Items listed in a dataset
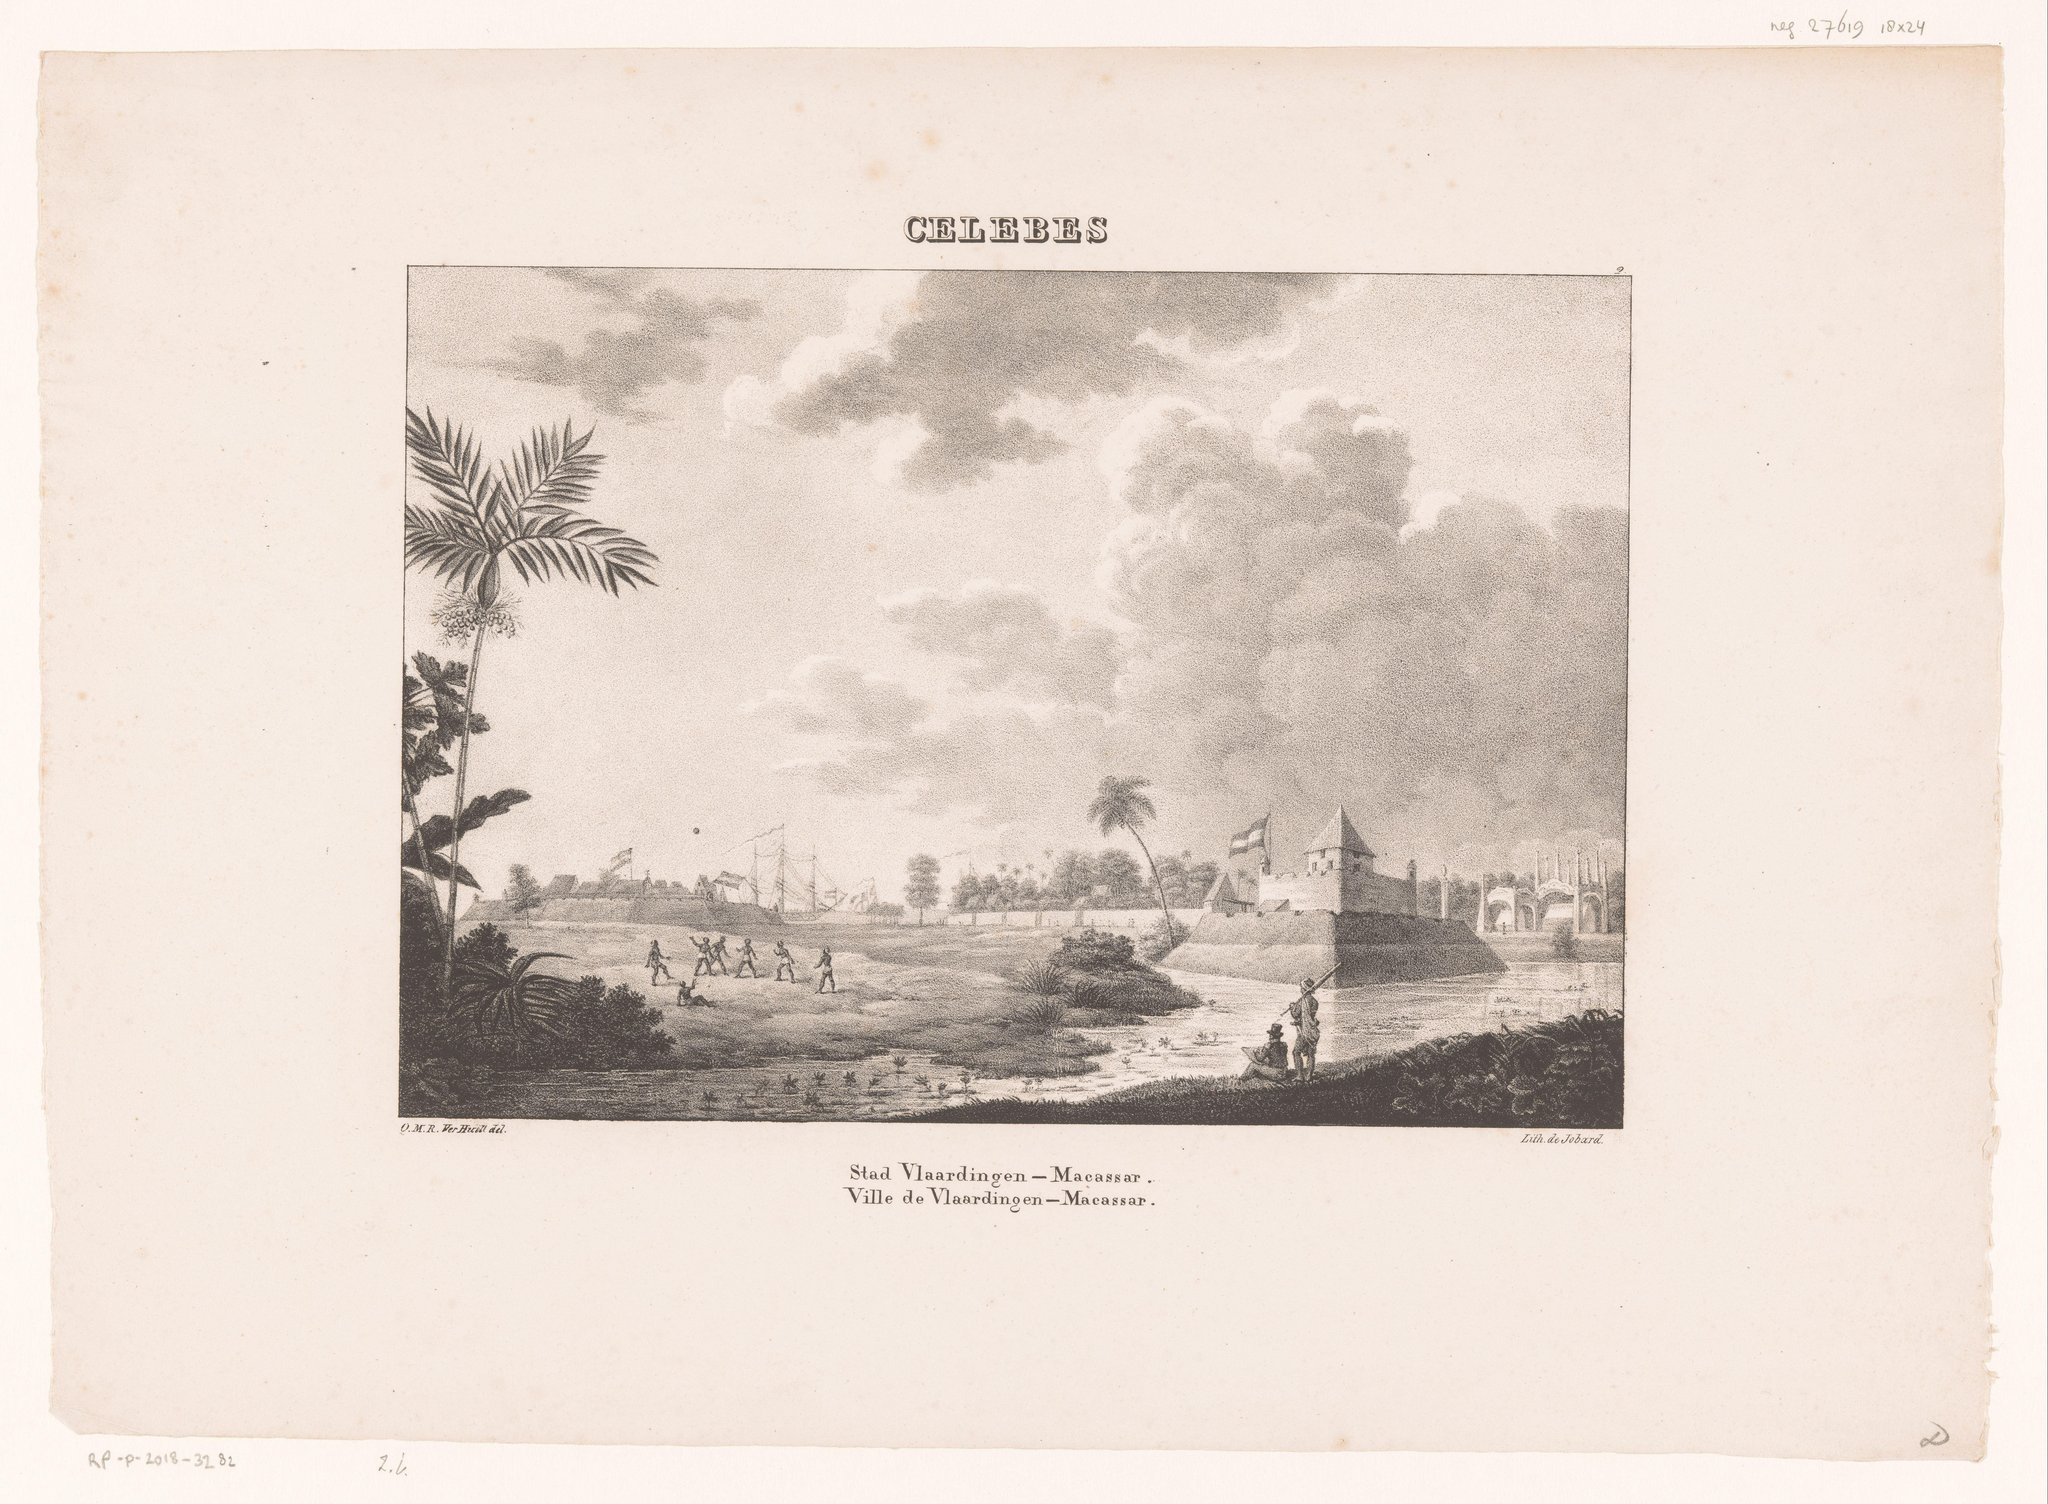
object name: print
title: Stad Vlaardingen-Macassar / Ville de Vlaardingen-Macassar
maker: jean baptiste ambroise marcellin jobard
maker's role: print maker, publisher
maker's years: 1792-1861
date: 1824
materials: paper
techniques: lithograph
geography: rotterdam
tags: village
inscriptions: collector's mark: Lugt 2228
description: Prent uit: Ver Huell, Quirijn Maurits Rudolf. Gezigten in Oost-Indië, naar de natuur getekend, met een beschrijving. Rotterdam: Arbon en Krap, 1824.
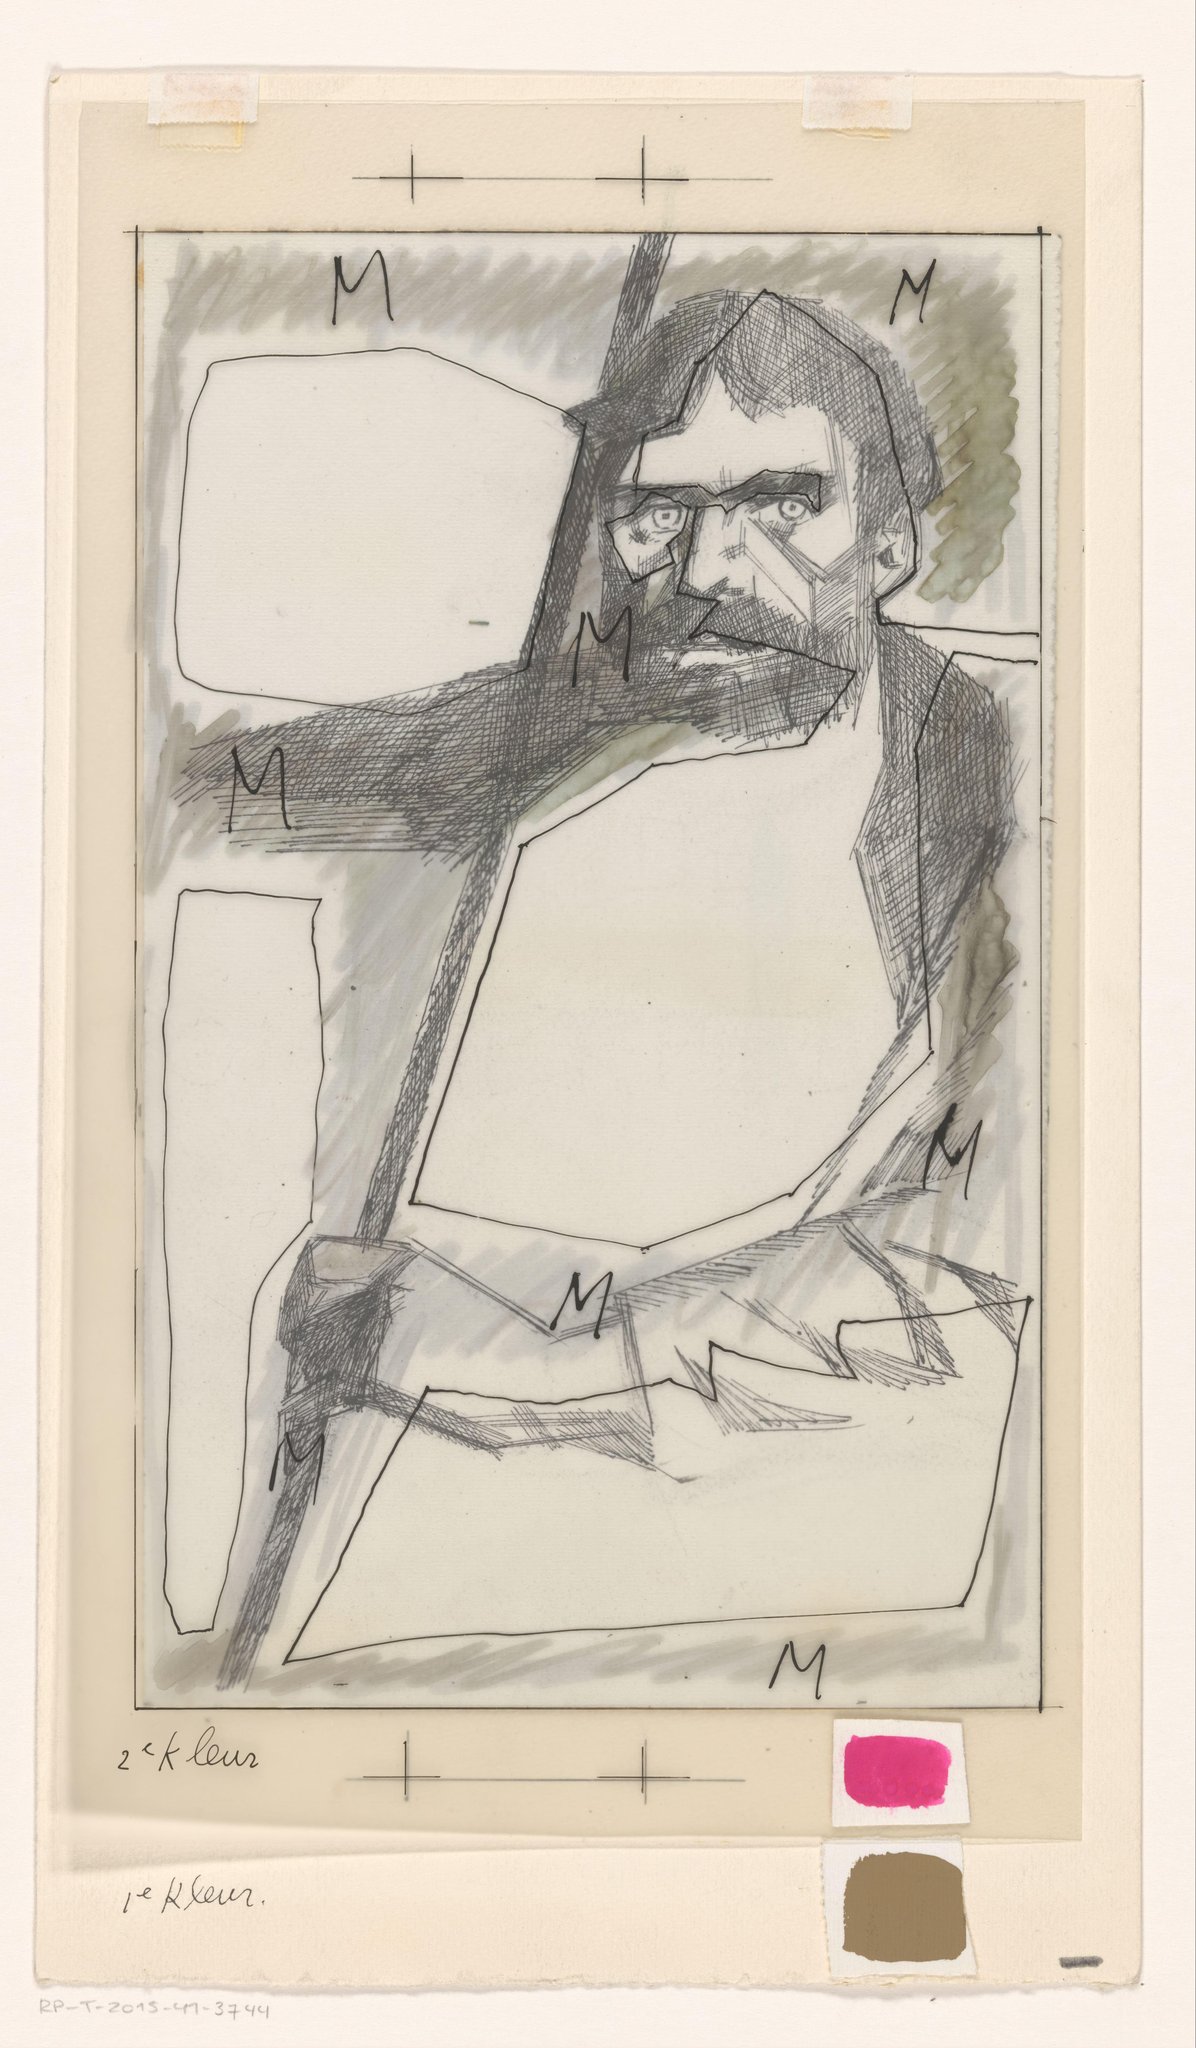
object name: drawing
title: Bandontwerp voor: N.S. Ljeskow, De onsterfelijke, 1965
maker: karel thole
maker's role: painter
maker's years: 1914-2000
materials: ink, paper, pencil, pressure sensitive tape, watercolor
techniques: brush, pen
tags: walking-stick, staff, beard
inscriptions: : ‘2e kleur/ 1e kleur’, collector's mark: Lugt 2228a, annotation: ‘DE ONSTERFELIJKE’
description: Man met baard die een staf in zijn linkerhand houdt.

- _Exercise brief_:
Start at the line holding "description: Prent uit: Ver" and stop at the last line of the entries above. Repeat those lines exactly, pictures excluded.

- _Finished exercise_:
description: Prent uit: Ver Huell, Quirijn Maurits Rudolf. Gezigten in Oost-Indië, naar de natuur getekend, met een beschrijving. Rotterdam: Arbon en Krap, 1824.
object name: drawing
title: Bandontwerp voor: N.S. Ljeskow, De onsterfelijke, 1965
maker: karel thole
maker's role: painter
maker's years: 1914-2000
materials: ink, paper, pencil, pressure sensitive tape, watercolor
techniques: brush, pen
tags: walking-stick, staff, beard
inscriptions: : ‘2e kleur/ 1e kleur’, collector's mark: Lugt 2228a, annotation: ‘DE ONSTERFELIJKE’
description: Man met baard die een staf in zijn linkerhand houdt.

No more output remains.